NEWTON CENTER, Mass. (ABP)—Several dozen Baptists and Muslims gathered recently to repair a relationship better known for harsh anti-Islamic rhetoric by high-profile Baptist preachers than by dialogue or cooperation.
Stan Hastey, a Baptist member of the task force that planned the event, called it a “seminal but certainly promising” opportunity for improving a Baptist-Muslim dialogue marred by demonization of Islam in the post-9/11 United States.
The event was held at the Islamic Center of Boston and Andover Newton Theological School in nearby Newton Center, Mass. Scholars from each tradition offered presentations on their own faith's holy book, doctrines and practices. Conversations centered on the theme of both traditions' emphasis on love of neighbor.

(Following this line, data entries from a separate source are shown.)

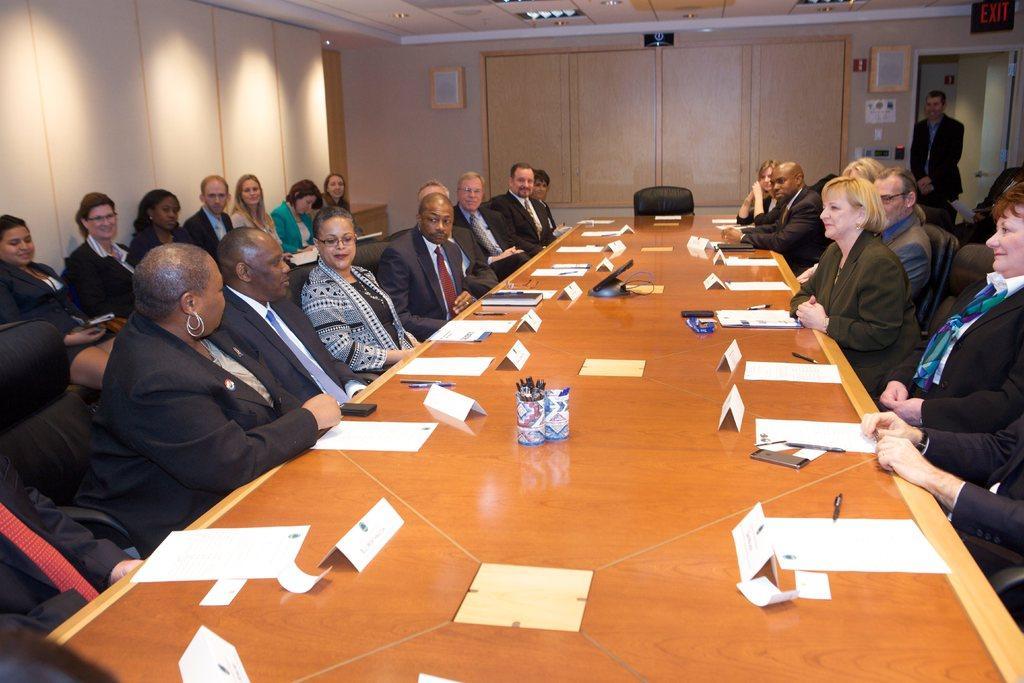In one or two sentences, can you explain what this image depicts? In this image I can see the group of people sitting and one person standing. I can see few people are sitting in-front of the table. On the table there are many papers, boards and the pens in the cup. In the background I can see the boards to the wall. 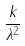Convert formula to latex. <formula><loc_0><loc_0><loc_500><loc_500>\frac { k } { \lambda ^ { 2 } }</formula> 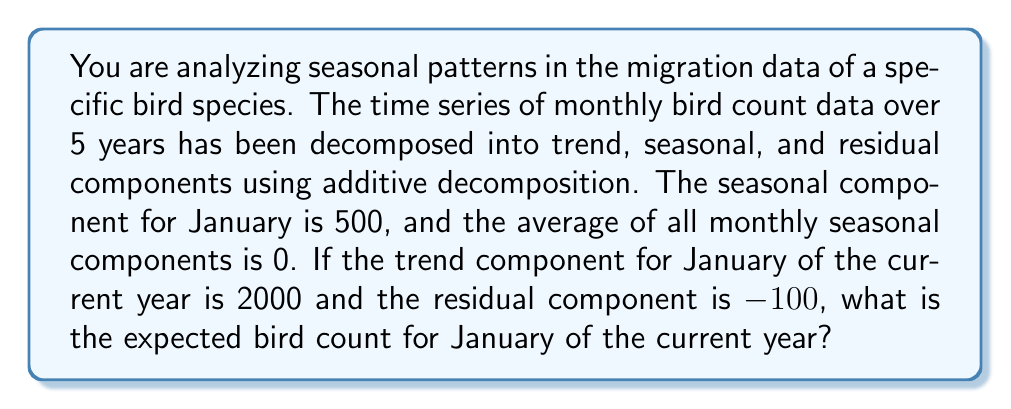Can you solve this math problem? To solve this problem, we need to understand the components of time series decomposition and how they relate to the original data. In additive decomposition, we have:

Participants said the interfaith gathering began with a Middle Eastern meal and fellowship Friday night at the Islamic center and ended with a Baptist-style worship service on Sunday morning.
The idea for the dialogue began in 2007, when Roy Medley, general secretary of American Baptist Churches USA, visited the Republic of Georgia and Lebanon. Baptist and Muslim leaders in both places implored him to seek to improve relations between the two faith groups in the United States.
Medley convened other Baptists, including Hastey, minister for missions and ecumenism for the Alliance of Baptists, to a preliminary meeting in 2007. It was held in conjunction with joint meetings of the ABC/USA and Cooperative Baptist Fellowship in Washington that summer.
Another participant in that meeting was Rob Sellers, a missions professor at Hardin-Simmons Univer-sity's Logsdon Seminary.
Sellers, CBF's formal representative in the dialogue, said the organizers reached a consensus early on that any talks should focus on Baptist-Muslim relations rather than involvement in broader Christian-Muslim dialogue. They did that to “make the important point that there are other kinds of Baptists than those who get the headlines,” Sellers said.
The Baptists found a willing partner in Sayyid Syeed, national interfaith director of the Islamic Society of North America.
U.S. Muslims and Baptists share commonalities, including commitment to separation of church and state and respect for religious tolerance, Syeed said. But “there are people on both sides who speak louder than others and demonize each others' religions and ensure the two stay apart,” he added.
“This can be addressed only if we create forums and situations that help the well-meaning Muslims and Baptists to come closer and recognize their passionate allies in each other,” Syeed said.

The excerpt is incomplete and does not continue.